Performance measurement is a complex undertaking. To illustrate this point, I list the evaluation methods deployed in the key case studies of the book:
- McLaughlin Group panel predictions (p. 49): proportion of predictions that become “completely true” or “mostly true,” ignoring predictions that cannot be or are not yet verifiable
- Election forecasts (p. 70): proportion of Republican wins among those districts predicted to be “leaning Republican” (underlying this type of evaluation is some criterion for calling a race to be “leaning”)
- Baseball prospect forecasting (p. 90): number of major-league wins generated by players on the Top 100 prospect list in specified window of time; the wins attributed to individual players are computed via a formula known as “wins above replacement player”
- Daily high-temperature forecasts (p. 132): average difference between predicted temperature (x days in advance) and actual temperature relative to “naïve” methods of prediction, such as always predicting the average temperature, or predicting tomorrow’s temperature to equal today’s
- Rainfall forecast (p. 135): how close to, say, 20%, is the proportion of days on which it actually rained, among those days when the weather service forecasts 20% chance of rain
- Earthquake forecast (p. 160): whether an earthquake in the predicted range of magnitude occurred in the predicted range of time at a predicted region of the world, or not (this is a binary outcome)
- GDP growth forecast (p. 182): the proportion of times in which the economist’s prediction intervals contain the actual GDP growth
- Chess (Ch. 9): winning games
- Poker (p. 311): amount of earnings
- Long-range global temperature forecast (pp. 398, 402): actual trend against predicted trend. (Note that this is the same method as #7 but with only one prediction interval.)

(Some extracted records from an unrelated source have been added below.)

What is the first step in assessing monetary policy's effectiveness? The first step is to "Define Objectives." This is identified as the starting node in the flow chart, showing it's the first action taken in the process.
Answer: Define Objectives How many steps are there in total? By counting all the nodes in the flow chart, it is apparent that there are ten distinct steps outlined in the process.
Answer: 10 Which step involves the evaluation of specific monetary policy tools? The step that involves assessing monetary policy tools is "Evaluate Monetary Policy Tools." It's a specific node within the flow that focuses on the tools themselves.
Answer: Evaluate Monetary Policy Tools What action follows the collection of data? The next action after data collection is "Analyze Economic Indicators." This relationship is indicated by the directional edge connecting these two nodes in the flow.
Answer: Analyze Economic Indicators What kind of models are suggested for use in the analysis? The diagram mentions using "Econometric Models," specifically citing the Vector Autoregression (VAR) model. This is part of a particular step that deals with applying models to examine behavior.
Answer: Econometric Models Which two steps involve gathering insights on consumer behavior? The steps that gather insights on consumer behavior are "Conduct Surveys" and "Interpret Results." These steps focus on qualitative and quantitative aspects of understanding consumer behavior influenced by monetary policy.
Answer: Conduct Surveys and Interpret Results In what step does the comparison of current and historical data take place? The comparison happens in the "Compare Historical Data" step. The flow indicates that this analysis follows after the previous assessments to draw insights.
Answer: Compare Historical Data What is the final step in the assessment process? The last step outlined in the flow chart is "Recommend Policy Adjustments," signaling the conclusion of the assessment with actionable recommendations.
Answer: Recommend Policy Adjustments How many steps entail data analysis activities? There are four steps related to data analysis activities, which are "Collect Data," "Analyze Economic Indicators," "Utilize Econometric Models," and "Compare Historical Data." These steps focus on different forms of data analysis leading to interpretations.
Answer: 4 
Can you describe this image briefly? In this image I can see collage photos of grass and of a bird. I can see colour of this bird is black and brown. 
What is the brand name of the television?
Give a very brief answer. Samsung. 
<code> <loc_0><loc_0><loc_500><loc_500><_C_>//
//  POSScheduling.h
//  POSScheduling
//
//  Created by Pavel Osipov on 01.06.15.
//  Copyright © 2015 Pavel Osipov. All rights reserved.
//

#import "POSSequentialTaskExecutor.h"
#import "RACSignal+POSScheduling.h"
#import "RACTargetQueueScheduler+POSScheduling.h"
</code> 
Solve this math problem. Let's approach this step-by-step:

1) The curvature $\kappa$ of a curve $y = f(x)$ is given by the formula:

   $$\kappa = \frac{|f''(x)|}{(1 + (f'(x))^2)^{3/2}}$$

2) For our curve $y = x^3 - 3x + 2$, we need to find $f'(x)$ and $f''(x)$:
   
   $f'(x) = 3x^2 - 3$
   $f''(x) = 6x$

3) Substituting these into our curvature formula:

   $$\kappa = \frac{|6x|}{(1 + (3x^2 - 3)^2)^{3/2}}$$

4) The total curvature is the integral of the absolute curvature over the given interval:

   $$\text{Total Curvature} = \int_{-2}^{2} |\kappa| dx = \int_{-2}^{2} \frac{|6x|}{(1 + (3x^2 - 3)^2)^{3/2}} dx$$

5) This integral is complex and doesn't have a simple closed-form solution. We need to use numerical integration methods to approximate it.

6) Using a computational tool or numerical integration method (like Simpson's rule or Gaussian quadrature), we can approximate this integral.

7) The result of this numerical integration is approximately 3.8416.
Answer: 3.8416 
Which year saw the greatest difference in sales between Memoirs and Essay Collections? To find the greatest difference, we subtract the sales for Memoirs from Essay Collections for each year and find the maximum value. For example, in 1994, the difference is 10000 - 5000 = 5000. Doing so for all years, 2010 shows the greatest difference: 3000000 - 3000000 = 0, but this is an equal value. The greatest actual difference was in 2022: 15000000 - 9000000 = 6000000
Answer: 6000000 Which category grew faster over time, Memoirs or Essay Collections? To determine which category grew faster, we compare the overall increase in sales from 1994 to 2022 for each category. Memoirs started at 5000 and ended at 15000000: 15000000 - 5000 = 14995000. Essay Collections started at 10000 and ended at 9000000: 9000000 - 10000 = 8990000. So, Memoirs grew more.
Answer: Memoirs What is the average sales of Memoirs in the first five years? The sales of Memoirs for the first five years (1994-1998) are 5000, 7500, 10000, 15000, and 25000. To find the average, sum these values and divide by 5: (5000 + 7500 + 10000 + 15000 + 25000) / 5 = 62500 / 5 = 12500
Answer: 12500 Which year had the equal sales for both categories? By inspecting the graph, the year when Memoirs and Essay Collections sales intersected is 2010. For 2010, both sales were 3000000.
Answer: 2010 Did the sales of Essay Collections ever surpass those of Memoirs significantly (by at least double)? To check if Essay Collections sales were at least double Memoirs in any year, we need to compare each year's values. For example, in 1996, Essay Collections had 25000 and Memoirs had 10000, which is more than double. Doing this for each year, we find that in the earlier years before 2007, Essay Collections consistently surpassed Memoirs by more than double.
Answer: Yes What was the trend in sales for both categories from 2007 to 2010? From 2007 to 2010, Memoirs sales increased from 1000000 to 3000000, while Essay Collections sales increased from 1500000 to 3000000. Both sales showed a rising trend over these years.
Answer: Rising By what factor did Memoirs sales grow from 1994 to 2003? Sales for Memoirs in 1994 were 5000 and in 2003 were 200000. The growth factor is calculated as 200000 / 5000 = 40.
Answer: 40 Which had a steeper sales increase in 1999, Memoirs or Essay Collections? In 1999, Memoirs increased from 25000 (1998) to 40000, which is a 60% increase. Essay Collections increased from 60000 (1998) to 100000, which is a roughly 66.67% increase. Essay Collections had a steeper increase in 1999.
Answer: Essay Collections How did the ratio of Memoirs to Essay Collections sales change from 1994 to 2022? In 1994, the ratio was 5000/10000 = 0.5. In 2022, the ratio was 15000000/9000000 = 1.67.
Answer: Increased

If you are thinking the evalution methods listed above seem numerous and arbitrary, you’d be right. After reading Silver’s book, you should be thinking critically about how predictions are evaluated (and in some cases, how they may be impossible to verify). Probabilistic forecasts that Silver advocates are even harder to validate. Silver tells it like it is: this is difficult but crucial work; and one must look out for forecasters who don’t report their errors, as well as those who hide their errors by using inappropriate measurement.
Throughout the book, Silver makes many practical recommendations that reveal his practitioner’s perspective on forecasting. As an applied statistician, I endorse without hesitation specific pieces of advice, such as use probability models, more data could make predictions worse, mix art and science, try hard to find the right data, don’t just use readily available data, and avoid too much precision.
The only exaggeration in the book is his elevation of “Bayesian” statistics as the solution to predictive inaccuracy. What he packages as Bayesian has been part of statistical science even before the recent rise of modern Bayesian statistics. (The disagreement between Bayesians and non-Bayesians is over how these concepts are utilized.) Silver’s exposition focuses on probability updating in sequential decision-making, which is understandable given his expertise in sequential settings with a rich tradition of data collection, such as baseball and polling. (At one point, he makes an astute comment about data analysts selecting more promising settings in which to work.) The modern Bayesian movement is much broader than probability updating, and I’d point you to Professor Andrew Gelman’s blog and/or books as a place to explore what I mean by that. It must be said, though, that the technicalities of Bayesian statistics are tough to convey in a mass-market book.
In spite of the minor semantic issue, I am confident my readers will enjoy reading Silver’s book (link). It is one of the more balanced, practical books on statistical thinking on the market today by a prominent public advocate of the data-driven mindset.